With my long-established reverence for lectures and their givers, I was still far from realising how many speeches have to be made on any subject before a normal English audience remembers a week later even what it was, let alone anything that has been said about it. Needless to say, my carefully prepared lecture - which I read, word for word, with laborious conscientiousness for fear that I should forget to maintain my determined impartiality - made not a stir upon the lethargic surface of Y——parish; its chief effect was that of clearing my own brain on an acute political topic. ‘It would have been as useful to lecture on a turnip at Y——,’ I remarked ruefully to Winifred, but my disappointment was overshadowed by the B.A. Degrees which had been conferred upon us both in the academic splendour of the Sheldonian Theatre four days earlier, and by the London bazaar in aid of Somerville finances two days later, at which we both assisted with jubilant eagerness at a bookstall presided over by Rose Macaulay.

 

In January 1921, the Oxford women’s colleges had begun their three years’ special appeal for financial aid.

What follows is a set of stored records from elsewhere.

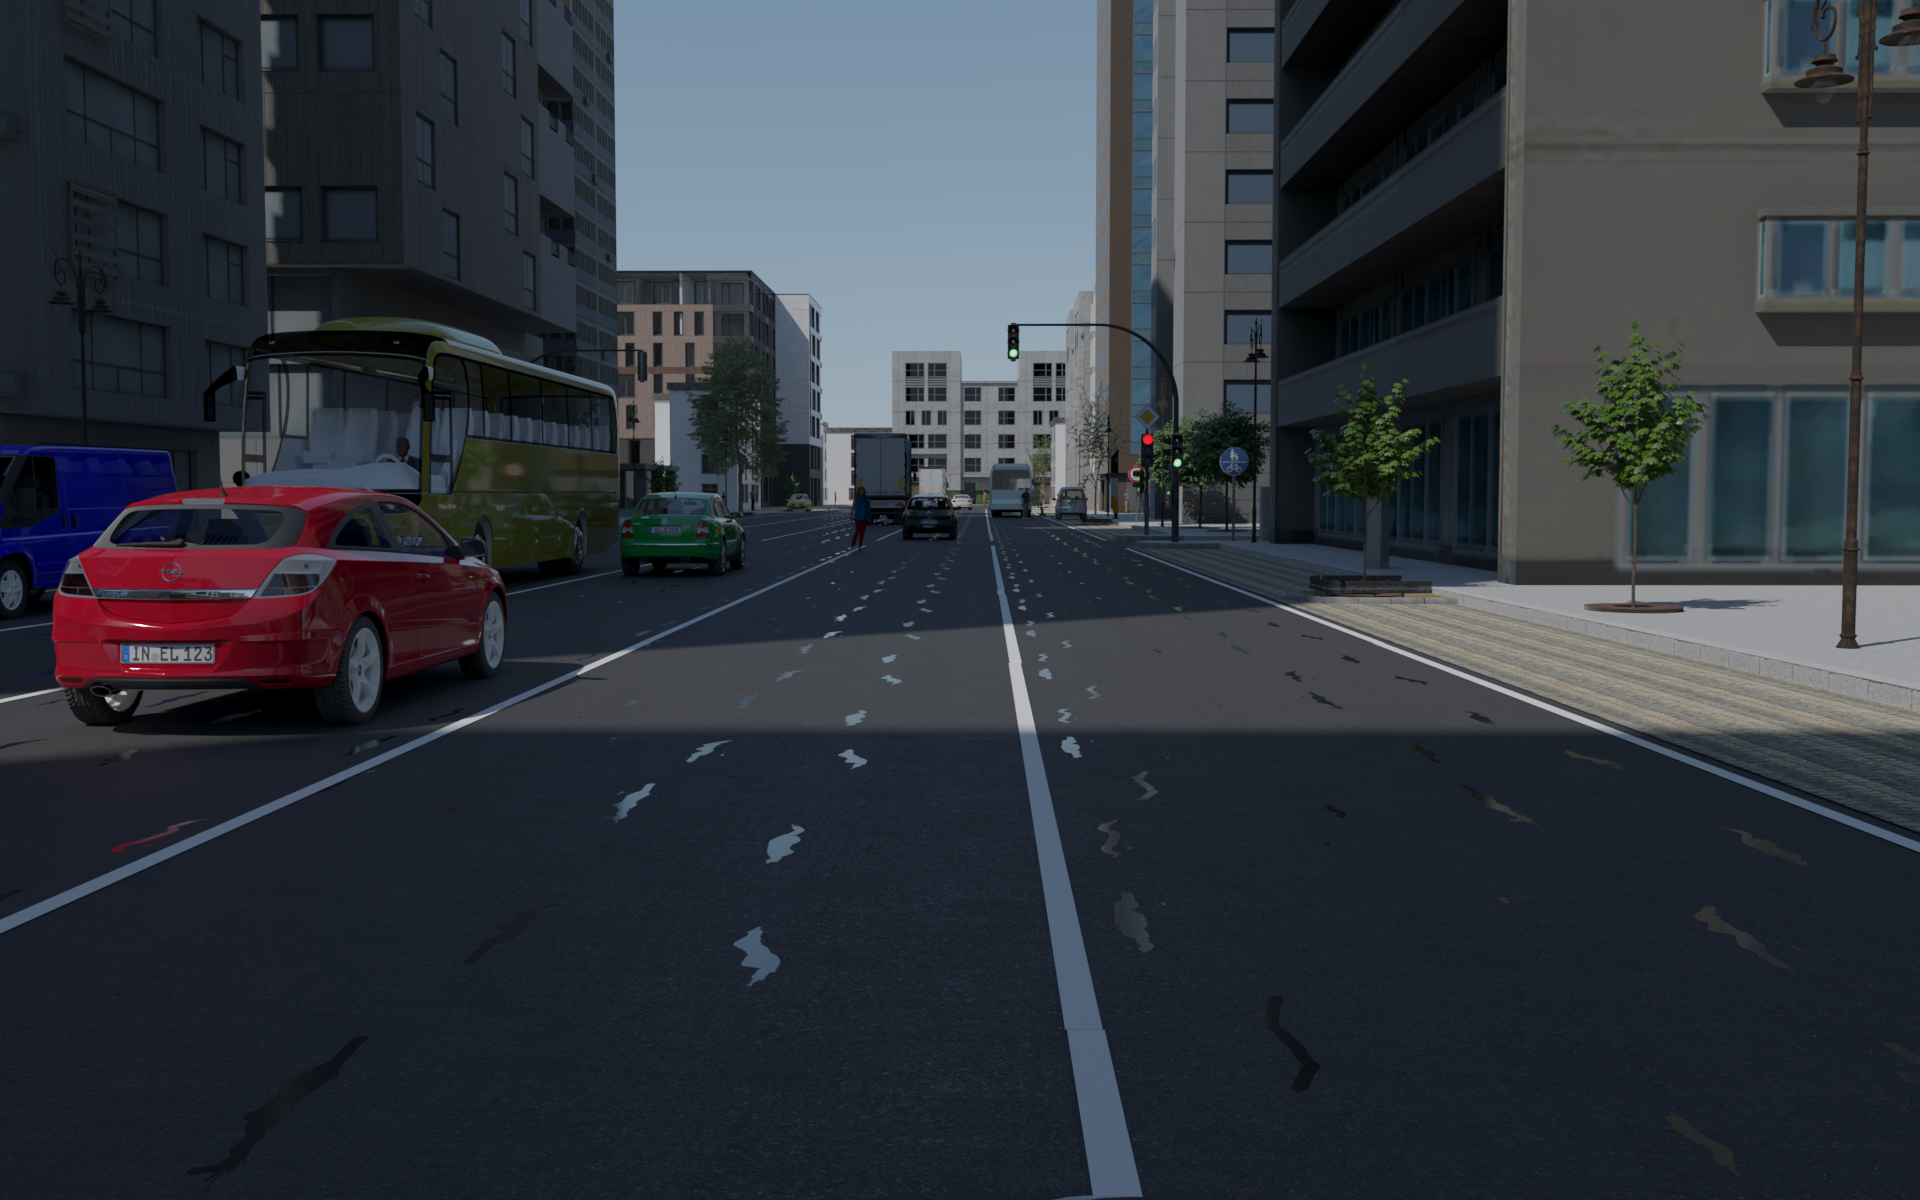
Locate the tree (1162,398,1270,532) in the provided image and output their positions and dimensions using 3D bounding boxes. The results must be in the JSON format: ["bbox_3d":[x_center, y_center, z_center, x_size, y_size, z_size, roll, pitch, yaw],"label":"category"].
[{"bbox_3d":[9.266,-4.633,59.471,4.285,4.588,4.351,0,3,0],"label":"tree"}]

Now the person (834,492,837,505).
[{"bbox_3d":[-15.186,-12.412,212.116,0.721,1.739,1.217,0,4,2],"label":"person"}]

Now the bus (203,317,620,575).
[{"bbox_3d":[-7.982,-2.218,27.817,2.896,3.916,12.252,0,4,1],"label":"bus"}]

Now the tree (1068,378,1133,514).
[{"bbox_3d":[8.740,-9.769,110.089,4.360,8.622,3.978,0,3,0],"label":"tree"}]

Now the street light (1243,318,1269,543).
[{"bbox_3d":[7.774,-4.454,45.615,0.468,5.910,1.993,0,4,1],"label":"street light"}]

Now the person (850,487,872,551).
[{"bbox_3d":[-2.516,-2.054,43.789,0.593,1.614,0.444,-1,4,-12],"label":"person"}]

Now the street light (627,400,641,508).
[{"bbox_3d":[-15.982,-6.859,84.931,0.468,5.910,1.993,0,4,1],"label":"street light"}]

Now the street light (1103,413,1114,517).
[{"bbox_3d":[8.455,-7.704,98.745,0.468,5.910,1.993,0,4,1],"label":"street light"}]

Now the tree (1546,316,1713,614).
[{"bbox_3d":[7.301,-1.496,19.060,1.663,3.219,1.824,0,3,0],"label":"tree"}]

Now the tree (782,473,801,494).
[{"bbox_3d":[-15.105,-9.898,156.435,1.663,3.219,1.824,0,3,0],"label":"tree"}]

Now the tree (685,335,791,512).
[{"bbox_3d":[-16.213,-12.611,124.312,7.486,12.596,7.792,0,3,0],"label":"tree"}]

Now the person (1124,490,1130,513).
[{"bbox_3d":[11.079,-6.541,115.058,0.516,1.574,0.319,-3,4,-37],"label":"person"}]

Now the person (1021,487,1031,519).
[{"bbox_3d":[3.758,-5.499,98.537,0.598,1.807,0.434,-1,4,-19],"label":"person"}]

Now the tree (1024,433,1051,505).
[{"bbox_3d":[9.772,-15.681,206.751,4.737,8.622,4.395,0,3,0],"label":"tree"}]

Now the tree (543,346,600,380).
[{"bbox_3d":[-19.693,-8.266,85.511,4.360,8.622,3.978,0,3,0],"label":"tree"}]

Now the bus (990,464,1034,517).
[{"bbox_3d":[3.322,-7.107,111.057,2.948,3.499,13.247,0,4,2],"label":"bus"}]

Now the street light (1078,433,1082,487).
[{"bbox_3d":[8.915,-9.552,128.960,0.468,5.910,1.993,0,4,1],"label":"street light"}]

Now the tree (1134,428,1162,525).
[{"bbox_3d":[8.968,-4.967,64.929,4.285,4.588,4.351,0,3,0],"label":"tree"}]

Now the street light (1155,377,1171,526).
[{"bbox_3d":[8.028,-5.856,68.530,0.468,5.910,1.993,0,4,1],"label":"street light"}]

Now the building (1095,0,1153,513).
[{"bbox_3d":[16.911,-28.835,121.560,14.600,45.320,14.200,0,4,1],"label":"building"}]

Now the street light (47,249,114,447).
[{"bbox_3d":[-16.629,-3.676,32.893,0.468,5.910,1.993,0,4,1],"label":"street light"}]

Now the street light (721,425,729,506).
[{"bbox_3d":[-15.605,-8.727,115.475,0.468,5.910,1.993,0,4,1],"label":"street light"}]

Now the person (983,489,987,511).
[{"bbox_3d":[2.011,-8.198,142.542,0.705,1.824,1.348,0,4,-1],"label":"person"}]

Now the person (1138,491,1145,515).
[{"bbox_3d":[11.191,-6.079,106.161,0.841,1.734,0.376,-1,4,-8],"label":"person"}]

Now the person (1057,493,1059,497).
[{"bbox_3d":[9.948,-10.223,173.634,0.568,1.767,0.683,3,5,43],"label":"person"}]

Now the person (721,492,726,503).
[{"bbox_3d":[-16.060,-6.602,117.213,0.726,1.434,0.776,-2,4,-26],"label":"person"}]

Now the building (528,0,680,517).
[{"bbox_3d":[-33.668,-25.066,101.704,32.217,40.220,23.993,0,4,1],"label":"building"}]

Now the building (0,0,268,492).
[{"bbox_3d":[-24.750,-21.776,39.633,14.086,41.232,14.154,0,4,1],"label":"building"}]

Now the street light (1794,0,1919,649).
[{"bbox_3d":[7.394,-2.536,14.245,0.468,5.910,1.993,0,4,1],"label":"street light"}]

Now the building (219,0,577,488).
[{"bbox_3d":[-31.068,-29.258,67.603,28.713,52.752,27.495,0,4,1],"label":"building"}]

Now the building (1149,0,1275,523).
[{"bbox_3d":[20.357,-33.369,87.579,21.231,58.520,28.212,0,4,1],"label":"building"}]

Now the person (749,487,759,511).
[{"bbox_3d":[-15.985,-7.822,133.946,0.705,1.823,1.348,1,4,22],"label":"person"}]

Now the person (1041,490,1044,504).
[{"bbox_3d":[9.489,-11.784,199.263,0.434,1.755,0.990,1,4,14],"label":"person"}]

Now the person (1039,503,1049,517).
[{"bbox_3d":[5.355,-5.751,110.452,0.695,0.859,0.347,2,4,26],"label":"person"}]

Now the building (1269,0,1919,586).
[{"bbox_3d":[18.591,-25.046,33.197,21.300,48.544,21.600,0,4,1],"label":"building"}]

Poorly endowed, and frequented chiefly by students who were obliged to earn their living and had no money to give, the women’s colleges, as I had realised with such dismay in 1914, had none of the resources which made Oxford a comparatively luxurious university for men. After the War, the economic outlook seemed darker than ever, and the funds of Somerville especially were depleted by the return to a building in which everything had deteriorated. The War Office ‘compensation’ by no means compensated in full for the numerous structural alterations that had to be made, and sufficient spare cash was not even available for the cleaning and repairing of the numerous college clocks which had remained untouched during the War.

 

Reluctantly Somerville was obliged to descend to appeals and bazaars, and immediately after our return from Italy, a letter asking me to help Miss Macaulay to sell books offered that prospect of a temporary acquaintanceship with a really famous writer which had hitherto seemed utterly unattainable by a struggling journalist whose persistent onslaughts on London newspapers remained lamentably fruitless. Enthusiastically I attended one or two of the bazaar committees at the University Women’s Club; ‘the meeting lasted
hours,’ I related to the envious Winifred, whose co-operation had not then been invited; ‘I promised desperately to try and collect books; it’s a great bore, but I think that to run the bookstall with Rose Macaulay is worth the price.’